The copy should begin at the line containing "Answer: Africa, 3,400" and end with the last line below, every line exact and no picture included.

Material shown: Begin

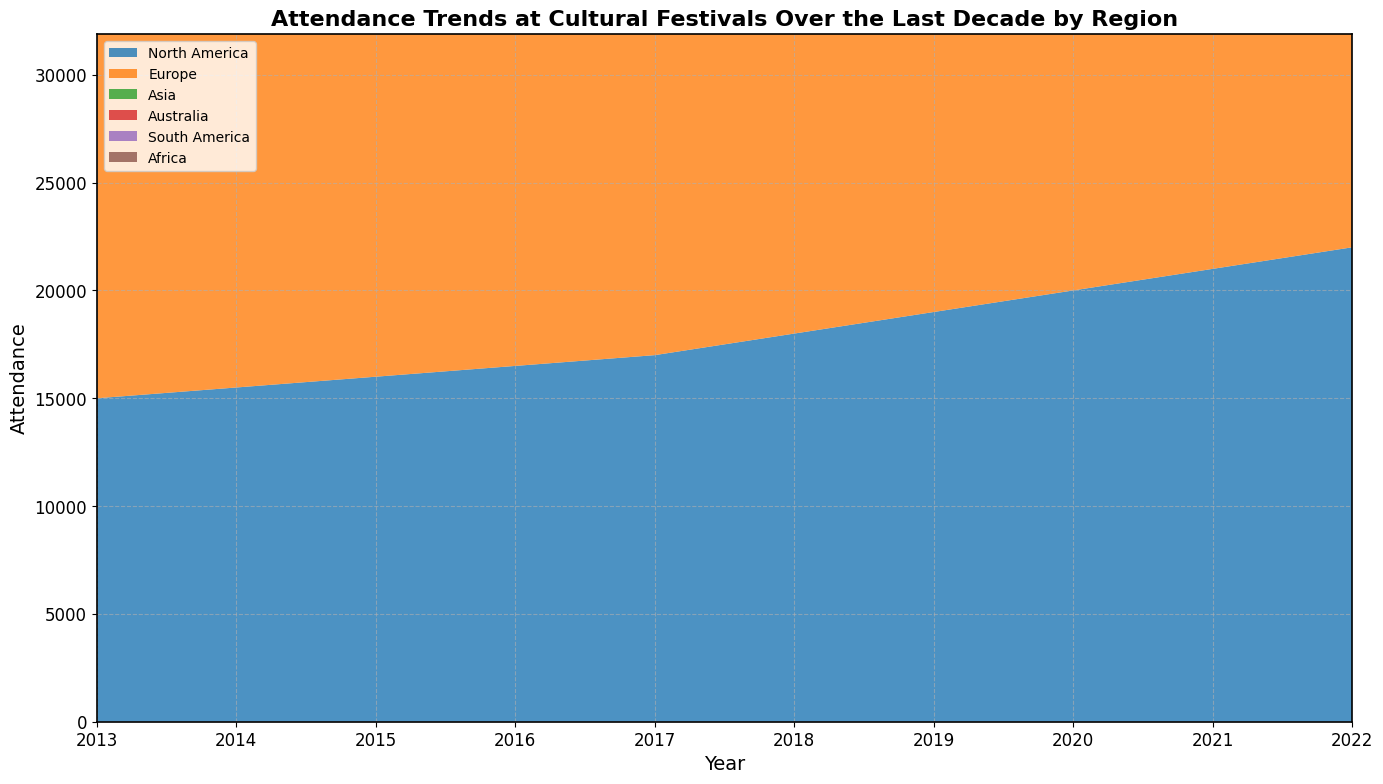Which region had the highest attendance in 2022? From the chart, it's evident that the region with the tallest area segment in 2022 indicates the highest attendance, which corresponds to Europe.
Answer: Europe How did the attendance in North America change from 2013 to 2022? The chart shows that the area representing North America increased steadily over the years. By subtracting the value in 2013 (15,000) from the value in 2022 (22,000), the increase in attendance is calculated. 22,000 - 15,000 = 7,000.
Answer: Increased by 7,000 Compare the trends of Asia and South America from 2013 to 2022. Visually, the areas for both regions have grown over the years. However, Asia experienced a more significant increase in attendance compared to South America. Asia's attendance grew from 8,000 to 12,500 (an increase of 4,500), while South America's attendance grew from 4,500 to 5,400 (an increase of 900). 4,500 (Asia) > 900 (South America).
Answer: Asia's trend is more significant than South America's Which region showed the most consistent increase in attendance over the decade? Observing the chart, Europe shows a smooth upward trend without any dips, indicating a consistent increase in attendance each year.
Answer: Europe What is the average annual attendance for Australia over the decade? Sum up Australia's attendances from 2013 to 2022: 5,000 + 5,200 + 5,400 + 5,600 + 5,800 + 6,000 + 6,200 + 6,400 + 6,600 + 6,800 = 58,000. Then, divide this by 10 (the number of years). 58,000 / 10 = 5,800.
Answer: 5,800 How does the attendance in Africa in 2022 compare to that in 2013? The chart shows that Africa's attendance grew modestly from 3,000 in 2013 to 3,900 in 2022. By calculating 3,900 - 3,000, the result is 900, indicating an increase of 900.
Answer: Increased by 900 Which two regions had the smallest difference in attendance in 2020? By comparing the areas in 2020, South America and Africa appear closest in size. South America had 5,200 attendees and Africa had 3,700. The difference is 5,200 - 3,700 = 1,500, which is smaller compared to other region pairs.
Answer: South America and Africa What's the combined attendance of all regions in 2019? Add the number of attendees in each region for 2019: 19,000 (North America) + 27,000 (Europe) + 11,000 (Asia) + 6,200 (Australia) + 5,100 (South America) + 3,600 (Africa) = 71,900.
Answer: 71,900 Which region had the lowest attendance in 2017, and what was the value? From the chart, Africa has the smallest area segment in 2017, indicating the lowest attendance, which is 3,400.
Answer: Africa, 3,400 
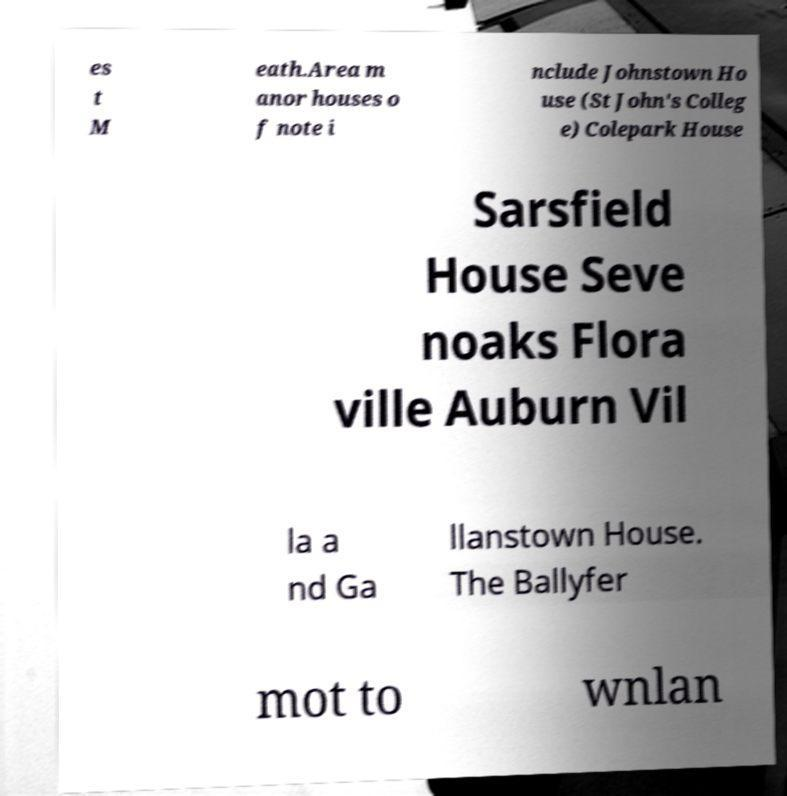I need the written content from this picture converted into text. Can you do that? es t M eath.Area m anor houses o f note i nclude Johnstown Ho use (St John's Colleg e) Colepark House Sarsfield House Seve noaks Flora ville Auburn Vil la a nd Ga llanstown House. The Ballyfer mot to wnlan 
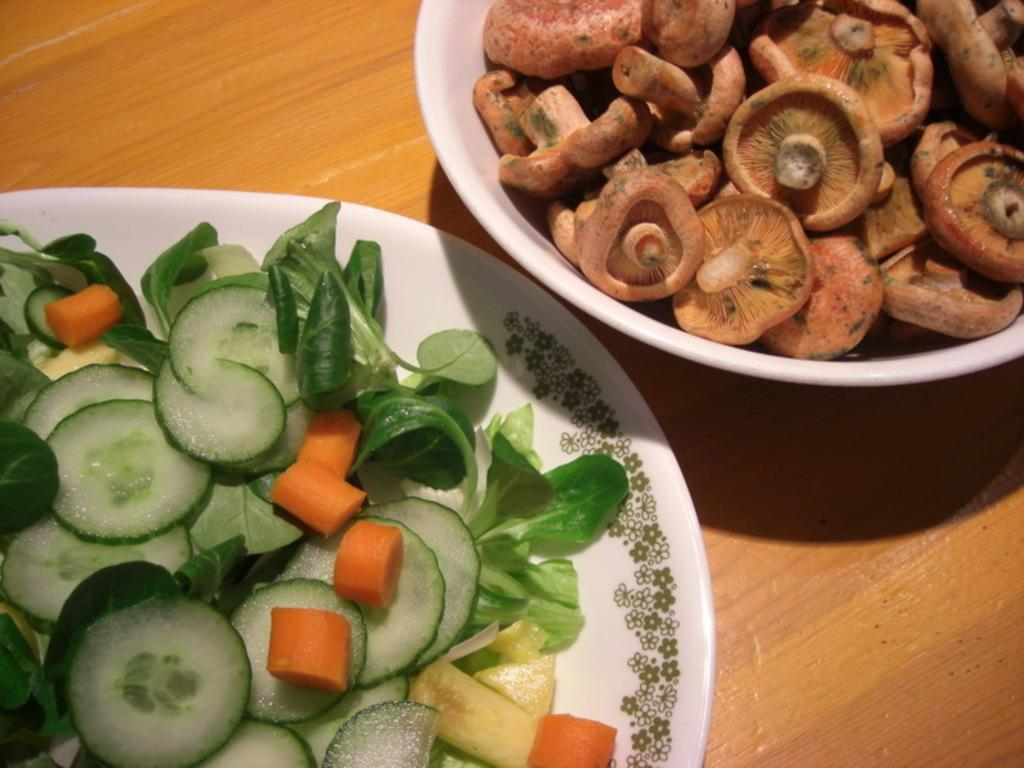What type of food is in the bowl in the image? There are mushrooms in a bowl in the image. What other type of food can be seen in the image? There are vegetables on a plate in the image. Where is the plate located in the image? The plate is on a wooden board in the image. How many laborers are visible in the image? There are no laborers present in the image. What is the grandmother doing in the image? There is no grandmother present in the image.

Material shown: End

• **Worked solution**
Answer: Africa, 3,400 
I need the written content from this picture converted into text. Can you do that? es t M eath.Area m anor houses o f note i nclude Johnstown Ho use (St John's Colleg e) Colepark House Sarsfield House Seve noaks Flora ville Auburn Vil la a nd Ga llanstown House. The Ballyfer mot to wnlan 
What type of food is in the bowl in the image? There are mushrooms in a bowl in the image. What other type of food can be seen in the image? There are vegetables on a plate in the image. Where is the plate located in the image? The plate is on a wooden board in the image. How many laborers are visible in the image? There are no laborers present in the image. What is the grandmother doing in the image? There is no grandmother present in the image.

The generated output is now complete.